§ Goal of the exercise
Where a line of the entries below includes the string "stroke", count it. Give only the resulting number.
═════ Raw data
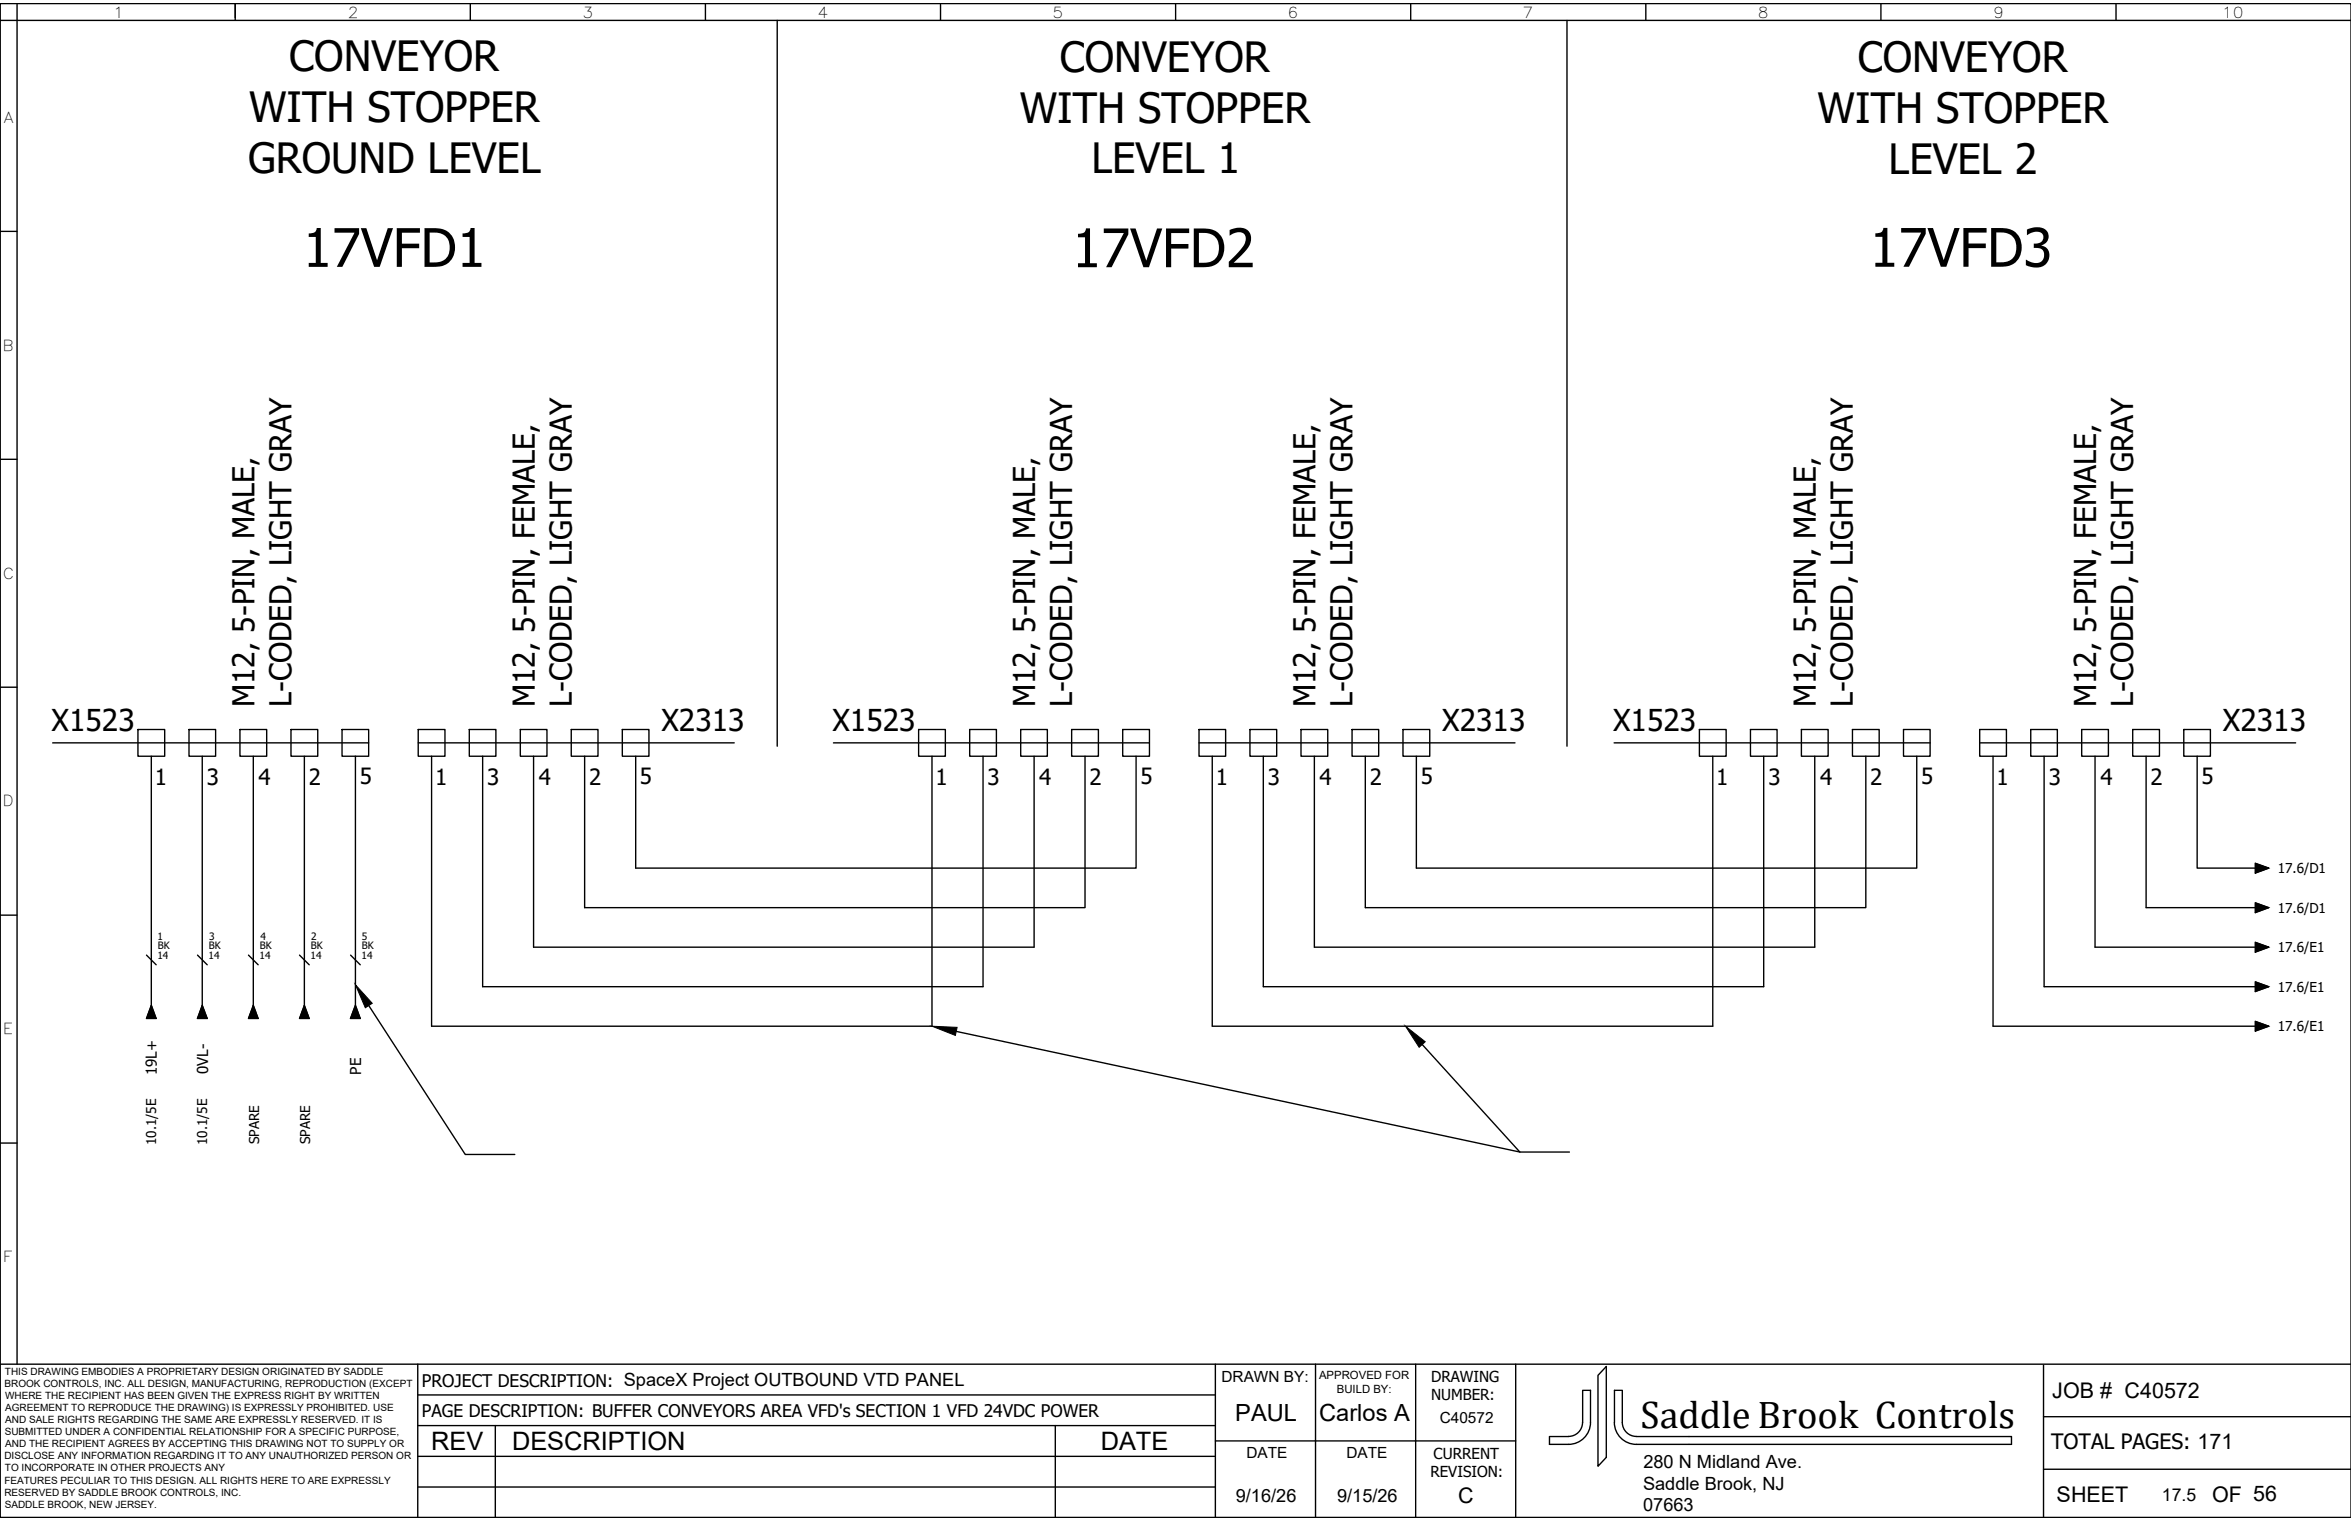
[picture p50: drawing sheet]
<svg xmlns="http://www.w3.org/2000/svg" width="432mm" height="279mm" viewBox="0 0 432 279" stroke-linecap="round" stroke-linejoin="round" font-family="sans-serif">
<defs><g id="words">
<g font-size="9.8">
<text x="55.6" y="49">17VFD1</text>
<text x="196.9" y="49.1">17VFD2</text>
<text x="343.4" y="49">17VFD3</text>
</g>
<g font-size="7.7">
<text x="53.1" y="13.1">CONVEYOR</text>
<text x="194.6" y="13.2">CONVEYOR</text>
<text x="341.2" y="13.1">CONVEYOR</text>
<text x="45.7" y="22.5">WITH STOPPER</text>
<text x="187.3" y="22.6">WITH STOPPER</text>
<text x="333.8" y="22.5">WITH STOPPER</text>
<text x="45.6" y="31.9">GROUND LEVEL</text>
<text x="200.5" y="31.9">LEVEL 1</text>
<text x="346.9" y="31.9">LEVEL 2</text>
</g>
<text font-size="7.1" x="301.3" y="262.4">Saddle Brook Controls</text>
<g font-size="5.5">
<text x="46.7" y="129.9" transform="rotate(-90 46.7 129.9)">M12, 5-PIN, MALE,</text>
<text x="53.5" y="129.9" transform="rotate(-90 53.5 129.9)">L-CODED, LIGHT GRAY</text>
<text x="98.2" y="129.9" transform="rotate(-90 98.2 129.9)">M12, 5-PIN, FEMALE,</text>
<text x="105" y="129.9" transform="rotate(-90 105 129.9)">L-CODED, LIGHT GRAY</text>
<text x="190.1" y="129.9" transform="rotate(-90 190.1 129.9)">M12, 5-PIN, MALE,</text>
<text x="196.9" y="129.9" transform="rotate(-90 196.9 129.9)">L-CODED, LIGHT GRAY</text>
<text x="241.6" y="129.9" transform="rotate(-90 241.6 129.9)">M12, 5-PIN, FEMALE,</text>
<text x="248.4" y="129.9" transform="rotate(-90 248.4 129.9)">L-CODED, LIGHT GRAY</text>
<text x="333.5" y="129.9" transform="rotate(-90 333.5 129.9)">M12, 5-PIN, MALE,</text>
<text x="340.3" y="129.9" transform="rotate(-90 340.3 129.9)">L-CODED, LIGHT GRAY</text>
<text x="385" y="129.9" transform="rotate(-90 385 129.9)">M12, 5-PIN, FEMALE,</text>
<text x="391.8" y="129.9" transform="rotate(-90 391.8 129.9)">L-CODED, LIGHT GRAY</text>
<text x="9.5" y="134.2">X1523</text>
<text x="121.5" y="134.2">X2313</text>
<text x="152.9" y="134.2">X1523</text>
<text x="264.9" y="134.2">X2313</text>
<text x="296.3" y="134.2">X1523</text>
<text x="408.3" y="134.2">X2313</text>
</g>
<g font-size="4.7">
<text x="79.2" y="266.3">REV</text>
<text x="94" y="266.4">DESCRIPTION</text>
<text x="202.2" y="266.3">DATE</text>
</g>
<g font-size="4.3">
<text x="226.9" y="261.1">PAUL</text>
<text x="242.3" y="261.1">Carlos A</text>
</g>
<g font-size="4.1">
<text x="28.4" y="144.1">1</text>
<text x="38" y="144.1">3</text>
<text x="47.5" y="144.1">4</text>
<text x="56.7" y="144.2">2</text>
<text x="66.1" y="144.1">5</text>
<text x="79.9" y="144.1">1</text>
<text x="89.5" y="144.1">3</text>
<text x="99" y="144.1">4</text>
<text x="108.2" y="144.2">2</text>
<text x="117.5" y="144.1">5</text>
<text x="171.8" y="144.1">1</text>
<text x="181.4" y="144.1">3</text>
<text x="190.9" y="144.1">4</text>
<text x="200.1" y="144.2">2</text>
<text x="209.5" y="144.1">5</text>
<text x="223.3" y="144.1">1</text>
<text x="232.9" y="144.1">3</text>
<text x="242.4" y="144.1">4</text>
<text x="251.6" y="144.2">2</text>
<text x="260.9" y="144.1">5</text>
<text x="315.2" y="144.1">1</text>
<text x="324.8" y="144.1">3</text>
<text x="334.3" y="144.1">4</text>
<text x="343.5" y="144.2">2</text>
<text x="352.8" y="144.1">5</text>
<text x="366.7" y="144.1">1</text>
<text x="376.3" y="144.1">3</text>
<text x="385.8" y="144.1">4</text>
<text x="395" y="144.2">2</text>
<text x="404.3" y="144.1">5</text>
</g>
<g font-size="4">
<text x="376.9" y="256.8">JOB # C40572</text>
<text x="377.7" y="275.9">SHEET</text>
<text x="406.3" y="275.9">OF 56</text>
</g>
<g font-size="3.9">
<text x="376.7" y="266.3">TOTAL PAGES: 171</text>
<text x="267.8" y="276.1">C</text>
</g>
<g font-size="3.3">
<text x="301.8" y="269.6">280 N Midland Ave.</text>
<text x="227" y="275.9">9/16/26</text>
<text x="245.6" y="275.9">9/15/26</text>
<text x="301.8" y="273.6">Saddle Brook, NJ</text>
<text x="301.8" y="277.6">07663</text>
</g>
<g font-size="3.2">
<text x="77.5" y="254.8">PROJECT DESCRIPTION: SpaceX Project OUTBOUND VTD PANEL</text>
<text x="77.5" y="260.2">PAGE DESCRIPTION: BUFFER CONVEYORS AREA VFD's SECTION 1 VFD 24VDC POWER</text>
<text x="397.1" y="275.7">17.5</text>
</g>
<g font-size="2.8">
<text x="20.8" y="3.2">1</text>
<text x="63.9" y="3.2">2</text>
<text x="107" y="3.2">3</text>
<text x="150.2" y="3.2">4</text>
<text x="193.3" y="3.2">5</text>
<text x="236.5" y="3.2">6</text>
<text x="279.7" y="3.2">7</text>
<text x="322.9" y="3.2">8</text>
<text x="366" y="3.2">9</text>
<text x="408.1" y="3.2">10</text>
<text x=".7" y="22.5">A</text>
<text x=".5" y="64.4">B</text>
<text x=".5" y="106.3">C</text>
<text x=".5" y="148.1">D</text>
<text x=".6" y="190">E</text>
<text x="28.8" y="197.5" transform="rotate(-90 28.8 197.5)">19L+</text>
<text x="38.2" y="197.3" transform="rotate(-90 38.2 197.3)">0VL-</text>
<text x="66.3" y="197.4" transform="rotate(-90 66.3 197.4)">PE</text>
<text x=".6" y="231.9">F</text>
<text x="224.3" y="253.8">DRAWN BY:</text>
<text x="262.8" y="253.9">DRAWING</text>
<text x="262.8" y="257.2">NUMBER:</text>
<text x="264.4" y="261.4">C40572</text>
<text x="228.9" y="267.9">DATE</text>
<text x="247.3" y="267.9">DATE</text>
<text x="263.3" y="267.9">CURRENT</text>
<text x="262.7" y="271.4">REVISION:</text>
</g>
<g font-size="2.5">
<text x="418.3" y="160.4">17.6/D1</text>
<text x="418.3" y="167.7">17.6/D1</text>
<text x="418.3" y="174.9">17.6/E1</text>
<text x="418.3" y="182.2">17.6/E1</text>
<text x="418.3" y="189.4">17.6/E1</text>
<text x="28.7" y="210.4" transform="rotate(-90 28.7 210.4)">10.1/5E</text>
<text x="38.1" y="210.4" transform="rotate(-90 38.1 210.4)">10.1/5E</text>
<text x="47.6" y="210.2" transform="rotate(-90 47.6 210.2)">SPARE</text>
<text x="57" y="210.2" transform="rotate(-90 57 210.2)">SPARE</text>
</g>
<g font-size="2.1">
<text x="242.3" y="253.3">APPROVED FOR</text>
<text x="245.5" y="255.8">BUILD BY:</text>
</g>
<g font-size="1.9">
<text x="28.9" y="172.7">1</text>
<text x="38.4" y="172.7">3</text>
<text x="47.8" y="172.7">4</text>
<text x="57.1" y="172.7">2</text>
<text x="66.5" y="172.6">5</text>
<text x="28.9" y="176.2">14</text>
<text x="29" y="174.4">BK</text>
<text x="38.3" y="176.2">14</text>
<text x="38.4" y="174.4">BK</text>
<text x="47.7" y="176.2">14</text>
<text x="47.7" y="174.4">BK</text>
<text x="57" y="176.2">14</text>
<text x="57.1" y="174.4">BK</text>
<text x="66.4" y="176.2">14</text>
<text x="66.5" y="174.4">BK</text>
</g>
<g font-size="1.8">
<text x=".8" y="254.8">BROOK CONTROLS, INC. ALL DESIGN, MANUFACTURING, REPRODUCTION (EXCEPT</text>
<text x=".9" y="252.6">THIS DRAWING EMBODIES A PROPRIETARY DESIGN ORIGINATED BY SADDLE</text>
<text x=".9" y="257">WHERE THE RECIPIENT HAS BEEN GIVEN THE EXPRESS RIGHT BY WRITTEN</text>
<text x=".9" y="263.7">SUBMITTED UNDER A CONFIDENTIAL RELATIONSHIP FOR A SPECIFIC PURPOSE,</text>
<text x="1" y="259.2">AGREEMENT TO REPRODUCE THE DRAWING) IS EXPRESSLY PROHIBITED. USE</text>
<text x="1" y="261.4">AND SALE RIGHTS REGARDING THE SAME ARE EXPRESSLY RESERVED. IT IS</text>
<text x=".8" y="268.1">DISCLOSE ANY INFORMATION REGARDING IT TO ANY UNAUTHORIZED PERSON OR</text>
<text x="1" y="265.9">AND THE RECIPIENT AGREES BY ACCEPTING THIS DRAWING NOT TO SUPPLY OR</text>
<text x=".8" y="272.5">FEATURES PECULIAR TO THIS DESIGN. ALL RIGHTS HERE TO ARE EXPRESSLY</text>
<text x=".8" y="274.7">RESERVED BY SADDLE BROOK CONTROLS, INC.</text>
<text x=".9" y="270.3">TO INCORPORATE IN OTHER PROJECTS ANY</text>
<text x=".9" y="276.9">SADDLE BROOK, NEW JERSEY.</text>
</g>
</g></defs>
<!-- layer: WIRES -->
<path d="M0 278.8h.1" fill="none" stroke="#000" stroke-width=".25"/>
<!-- layer: 0 -->
<g fill="none" stroke="#000" stroke-width=".25">
<path d="M0 .7h431.8v278.1h-431.8zM0 3.7h431.8M3.1 .7v249.9M43.2 .7v3M86.4 .7v3M129.6 .7v3M142.7 3.7v133.4M172.7 .7v3M215.9 .7v3M259.1 .7v3M287.8 3.7v133.4M302.3 .7v3"/>
<path d="M345.5 .7v3M388.6 .7v3M0 42.5h3.1M0 84.4h3.1M0 126.2h3.1M9.7 136.5h58M25.3 134h4.9v4.9h-4.9zM27.8 138.9v45.8M34.7 134h4.9v4.9h-4.9zM37.1 138.9v45.8M44.1 134h4.9v4.9h-4.9zM46.5 138.9v45.8"/>
<path d="M53.4 134h5v4.9h-5zM55.9 138.9v45.8M62.8 134h4.9v4.9h-4.9zM65.3 138.9v45.8M76.8 134h4.9v4.9h-4.9zM76.8 136.5h58.1M79.3 138.9v49.6h91.9v-49.6M86.2 134h4.9v4.9h-4.9zM88.6 138.9v42.4h92v-42.4M95.6 134h4.9v4.9h-4.9zM98 138.9v35.1h91.9v-35.1M104.9 134h4.9v4.9h-4.9z"/>
<path d="M107.4 138.9v27.8h91.9v-27.8M114.3 134h4.9v4.9h-4.9zM116.8 138.9v20.6h91.9v-20.6M153.1 136.5h58M168.7 134h4.9v4.9h-4.9zM178.1 134h4.9v4.9h-4.9zM187.5 134h4.9v4.9h-4.9zM196.8 134h4.9v4.9h-4.9zM206.2 134h4.9v4.9h-4.9zM220.2 134h4.9v4.9h-4.9zM220.2 136.5h58.1M222.7 138.9v49.6h91.9v-49.6"/>
<path d="M229.6 134h4.9v4.9h-4.9zM232 138.9v42.4h91.9v-42.4M239 134h4.9v4.9h-4.9zM241.4 138.9v35.1h91.9v-35.1M248.3 134h4.9v4.9h-4.9zM250.8 138.9v27.8h91.9v-27.8M257.7 134h4.9v4.9h-4.9zM260.1 138.9v20.6h91.9v-20.6M296.5 136.5h58M312.1 134h4.9v4.9h-4.9zM321.5 134h4.9v4.9h-4.9zM330.9 134h4.9v4.9h-4.9z"/>
<path d="M340.2 134h4.9v4.9h-4.9zM349.6 134h4.9v4.9h-4.9zM363.6 134h4.9v4.9h-4.9zM363.6 136.5h58M366.1 138.9v49.6h48.1M373 134h4.9v4.9h-4.9zM375.4 138.9v42.4h38.8M382.3 134h4.9v4.9h-4.9zM384.8 138.9v35.1h29.4M391.7 134h4.9v4.9h-4.9zM394.2 138.9v27.8h20M401.1 134h4.9v4.9h-4.9z"/>
<path d="M403.5 138.9v20.6h10.7M414.2 158.6l2.5 .9-2.5 .9zM0 168.1h3.1M26.9 175.5l1.8 1.7M36.3 175.5l1.8 1.7M45.6 175.5l1.8 1.7M55 175.5l1.8 1.7M64.4 175.5l1.8 1.7M414.2 165.8l2.5 .9-2.5 .9zM414.2 173.1l2.5 .9-2.5 .9zM27.8 184.7l.9 2.4h-1.8zM37.1 184.7l1 2.4h-1.8z"/>
<path d="M46.5 184.7l.9 2.4h-1.8zM55.9 184.7l.9 2.4h-1.8zM65.3 184.7l.9 2.4h-1.8zM67.7 184.7l17.7 27.4h9.2M175.6 189.5l103.5 22.1M261.2 191.9l17.9 19.7h9.1M414.2 180.4l2.5 .9-2.5 .8zM414.2 187.6l2.5 .9-2.5 .9zM0 210h3.1M0 250.6h431.8M76.7 250.6v28.2M76.7 256.2h146.5"/>
<path d="M223.2 250.6v28.2M241.6 250.6v28.2M260 250.6v28.2M278.4 250.6v28.2M295 251v16.7l-1.5 1.6v-16.7zM375.3 250.8v28M76.7 273.2h146.5M76.7 267.5h146.5M76.7 261.9h146.5M91 261.9v16.9M193.8 261.9v16.9M223.2 264.7h55.2"/>
<path d="M290.7 261.3a2.57 2.57 0 0 1-2.6 2.6h-3.5M290.7 261.3v-5.9h1.4v5.9a4 4 0 0 1-4 4h-3.5v-1.4M296.5 261.3a4 4 0 0 0 4 4h68.9v-1.4h-68.9a2.61 2.61 0 0 1-2.5-2.6v-5.9h-1.5v5.9M375.3 269.9h56.5M375.3 260.2h56.5"/>
</g>
<g fill="#000" stroke="#000" stroke-width=".18">
<path d="M414.2 158.6l2.5 .9-2.5 .9zM414.2 165.8l2.5 .9-2.5 .9zM414.2 173.1l2.5 .9-2.5 .9zM27.8 184.7l.9 2.4h-1.8zM37.1 184.7l1 2.4h-1.8zM46.5 184.7l.9 2.4h-1.8zM55.9 184.7l.9 2.4h-1.8zM65.3 184.7l.9 2.4h-1.8zM65.3 180.9l3.1 3.4-1.3 .8zM171.2 188.5l4.6 .2-.3 1.5zM258.1 188.5l3.7 2.9-1.2 1zM414.2 180.4l2.5 .9-2.5 .8z"/>
<path d="M414.2 187.6l2.5 .9-2.5 .9z"/>
</g>
<use href="#words"/>
</svg>
══════════
§ Result
4